April–September O3 and Ox mean concentration trends
are shown in Fig. 4. The data show that seven out of the eight RB sites
registered slight decreases in O3 concentrations during the period
(BdC, AGU and STP; -1.6 % yr-1, -1.1 % yr-1 and
-1.4 % yr-1, respectively, in all cases with statistical
significance), while in BEG, PON, LSE and GAN the trends were not significant
(not shown). As in several regions of Spain and Europe (Sicard et al., 2013;
Paoletti et al., 2014; EEA, 2016; Querol et al., 2016; EMEP, 2016), the
opposite trends are found for U/SU sites, with increases in O3
concentrations during the period at some stations (CTL, MON, MAN, MAT, MNR
and ALC; +0.4 % yr-1 to +3.2 % yr-1, all with
statistical significance).
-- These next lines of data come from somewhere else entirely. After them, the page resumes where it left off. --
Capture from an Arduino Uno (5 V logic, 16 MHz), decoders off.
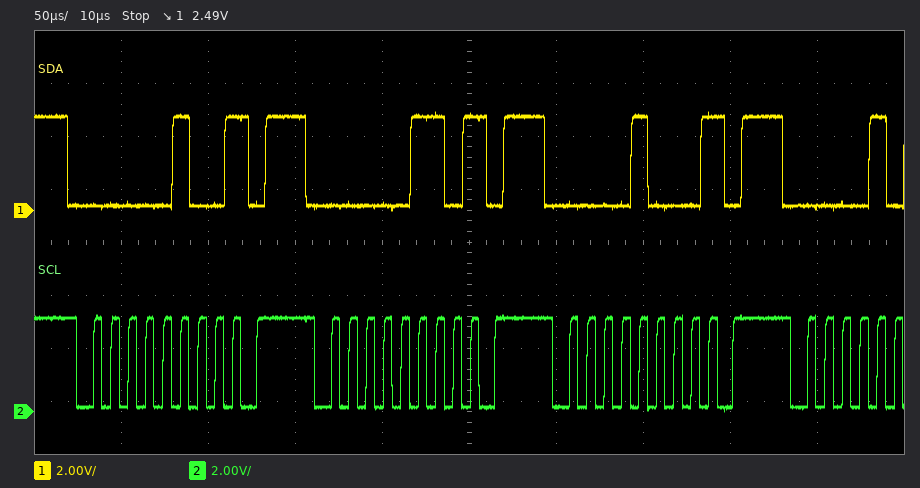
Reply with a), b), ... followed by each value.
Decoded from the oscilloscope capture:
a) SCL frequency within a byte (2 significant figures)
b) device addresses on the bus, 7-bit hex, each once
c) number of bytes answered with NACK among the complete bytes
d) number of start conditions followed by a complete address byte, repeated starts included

a) 100 kHz
b) 0x02 0x03 0x04
c) 3
d) 3

When considering Ox, the
increasing trends in U/SU sites are neutralized in some cases (CTL, MON, MAN,
MAT and ALC). This, and the higher NO decreasing slopes compared with those
of NO2, support the hypothesis that the U/SU O3 increasing
trends are probably caused by less O3 titration (due to decrements in
NO levels) instead of a higher O3 generation. The marked decrease in
the vehicle diesel emissions of NO/NO2 time trends (Carslaw et al.,
2016) might have caused these differential NO and NO2 trends,
although other causes cannot be rejected.
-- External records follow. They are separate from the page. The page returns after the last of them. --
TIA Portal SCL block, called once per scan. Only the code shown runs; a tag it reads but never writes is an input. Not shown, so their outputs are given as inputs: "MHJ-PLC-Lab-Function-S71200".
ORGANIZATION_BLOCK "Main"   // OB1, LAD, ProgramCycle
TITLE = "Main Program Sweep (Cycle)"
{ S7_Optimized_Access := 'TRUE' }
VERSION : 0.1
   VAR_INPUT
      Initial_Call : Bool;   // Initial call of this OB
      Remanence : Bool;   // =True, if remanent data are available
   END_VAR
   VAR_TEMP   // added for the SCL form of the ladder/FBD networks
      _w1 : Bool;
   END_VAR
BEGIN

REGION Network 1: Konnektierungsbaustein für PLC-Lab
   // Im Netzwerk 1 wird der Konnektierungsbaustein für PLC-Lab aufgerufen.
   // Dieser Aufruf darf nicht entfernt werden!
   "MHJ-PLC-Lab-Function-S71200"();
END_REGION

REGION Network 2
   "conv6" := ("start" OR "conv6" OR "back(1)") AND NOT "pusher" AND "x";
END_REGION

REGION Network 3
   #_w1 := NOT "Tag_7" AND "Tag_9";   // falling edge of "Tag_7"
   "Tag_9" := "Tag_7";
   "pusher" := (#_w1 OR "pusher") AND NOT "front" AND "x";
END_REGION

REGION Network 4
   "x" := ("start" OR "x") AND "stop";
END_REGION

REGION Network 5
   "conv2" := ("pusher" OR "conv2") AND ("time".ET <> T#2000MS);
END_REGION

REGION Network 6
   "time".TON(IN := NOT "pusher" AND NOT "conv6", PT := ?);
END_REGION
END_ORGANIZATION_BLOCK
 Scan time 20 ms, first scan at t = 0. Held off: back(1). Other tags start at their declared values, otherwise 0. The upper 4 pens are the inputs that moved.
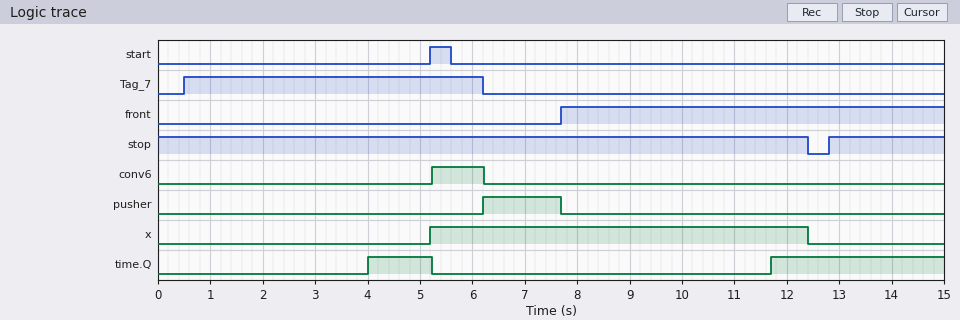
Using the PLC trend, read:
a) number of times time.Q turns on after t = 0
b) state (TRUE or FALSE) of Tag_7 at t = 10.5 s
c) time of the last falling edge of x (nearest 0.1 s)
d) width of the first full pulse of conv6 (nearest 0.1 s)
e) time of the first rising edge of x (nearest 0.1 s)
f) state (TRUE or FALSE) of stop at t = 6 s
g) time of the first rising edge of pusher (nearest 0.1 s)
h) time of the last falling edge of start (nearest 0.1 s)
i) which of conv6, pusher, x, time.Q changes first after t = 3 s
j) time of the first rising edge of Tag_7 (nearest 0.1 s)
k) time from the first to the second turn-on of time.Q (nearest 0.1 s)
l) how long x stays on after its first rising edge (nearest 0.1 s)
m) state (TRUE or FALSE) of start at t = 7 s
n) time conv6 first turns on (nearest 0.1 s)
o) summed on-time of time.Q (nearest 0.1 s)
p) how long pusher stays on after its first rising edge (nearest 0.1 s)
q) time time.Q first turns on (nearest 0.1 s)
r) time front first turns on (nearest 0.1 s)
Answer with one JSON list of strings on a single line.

["2", "FALSE", "12.4 s", "1.0 s", "5.2 s", "TRUE", "6.2 s", "5.6 s", "time.Q", "0.5 s", "7.7 s", "7.2 s", "FALSE", "5.2 s", "4.5 s", "1.5 s", "4.0 s", "7.7 s"]
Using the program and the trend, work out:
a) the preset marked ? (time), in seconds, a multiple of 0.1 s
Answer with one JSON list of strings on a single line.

["4.0 s"]
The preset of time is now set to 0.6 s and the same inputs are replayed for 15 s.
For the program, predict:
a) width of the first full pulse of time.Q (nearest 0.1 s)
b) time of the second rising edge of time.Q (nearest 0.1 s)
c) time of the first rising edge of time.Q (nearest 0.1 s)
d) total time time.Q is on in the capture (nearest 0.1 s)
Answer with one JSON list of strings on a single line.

["4.6 s", "8.3 s", "0.6 s", "11.3 s"]
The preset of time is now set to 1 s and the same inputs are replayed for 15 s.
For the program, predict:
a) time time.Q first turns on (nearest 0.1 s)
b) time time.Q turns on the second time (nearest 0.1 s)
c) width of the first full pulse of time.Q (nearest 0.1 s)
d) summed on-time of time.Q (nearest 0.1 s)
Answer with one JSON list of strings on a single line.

["1.0 s", "8.7 s", "4.2 s", "10.5 s"]

Monthly hourly average concentrations of O3(a) and
Ox(b) along the S–N axis during 2005–2017. Data
from Ciutadella (CTL), Montcada (MON), Granollers (GRA), Montseny (MSY), Tona
(TON), Vic (VIC), Manlleu (MAN) and Pardines (PAR) air quality monitoring
stations.
Monthly weekday average concentrations of O3 concentrations
calculated between 12:00 and 19:00 LT along the S–N axis during 2005–2017.
Data from Ciutadella (CTL), Montcada (MON), Granollers (GRA), Montseny (MSY),
Tona (TON), Vic (VIC), Manlleu (MAN) and Pardines (PAR) air quality
monitoring stations.
Monthly and daily patterns
Figure 6a shows 2005–2017 monthly average hourly O3 concentrations
measured at sites along the S–N axis, showing the occurrence of chronic-type
episodes with repeated high O3 concentrations
(90–135 µg m-3) in the afternoons of April–September days
at the Vic Plain sites (TON, VIC, MAN) and the remote RB sites (MSY and PAR).
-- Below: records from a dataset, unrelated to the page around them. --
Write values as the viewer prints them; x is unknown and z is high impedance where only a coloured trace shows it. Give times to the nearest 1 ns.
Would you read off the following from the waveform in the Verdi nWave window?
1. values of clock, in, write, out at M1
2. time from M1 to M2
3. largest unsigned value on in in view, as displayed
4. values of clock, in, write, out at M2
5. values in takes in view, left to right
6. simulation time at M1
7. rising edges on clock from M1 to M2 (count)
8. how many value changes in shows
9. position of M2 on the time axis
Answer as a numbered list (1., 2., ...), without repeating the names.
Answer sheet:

Typically, at the remote RB stations, O3 concentrations are high
during the whole day throughout the year and daily O3 variations are
narrower than at the other stations, with high average levels even during
October–February (MSY: 50–70 µg m-3 and PAR:
50–80 µg m-3). During the night these mountain sites are
less affected by NO titration, leading to high daily O3 average
concentrations. However, in summer, midday–afternoon concentrations are
relatively lower than at the stations located in the S–N valley (TON, VIC,
MAN).
Regarding monthly average daily Ox (Fig. 6b), the profiles
of RB sites TON and MSY are very similar to the respective O3
profiles. In the case of the BMA U/SU sites (CTL, MON, GRA), the nocturnal
Ox concentrations increase with respect to O3 due to
the addition of secondary NO2 from titration. Midday–afternoon
Ox levels are much lower at the BMA U/SU stations than those
in the S–N valley (MAN, TON), similarly to O3 levels, supporting the
contribution of local–regional O3 from the BMA plume and/or from the
fumigation of high-altitude reserve strata as MLH grows (Millán et al.,
1997, 2000; Gangoiti et al., 2001; Querol et al., 2017) as well as production
of new O3.
Weekly patterns
Accordingly, Fig. 7 shows the O3 weekly patterns for these O3
average concentrations. As expected, the variation of intra-annual
concentration values is pronounced in the Vic Plain sites (TON, VIC, MAN;
20–45 µg m-3 in December–January versus
110–125 µg m-3 in July), due to the higher summer
photochemistry, the more frequent summer BMA plume transport (due to intense
sea breezing) and fumigation from upper atmospheric reservoirs across the
S–N axis, and the high O3 titration in the populated valleys in
winter. However, at the remote mountain sites of MSY and PAR, the
intra-annual variability is much reduced (70–80 µg m-3 in
December versus 100–120 µg m-3 in July), probably due to the
reduced effect of NO titration at these higher-altitude sites and the
influence of high-altitude O3 regional reservoirs.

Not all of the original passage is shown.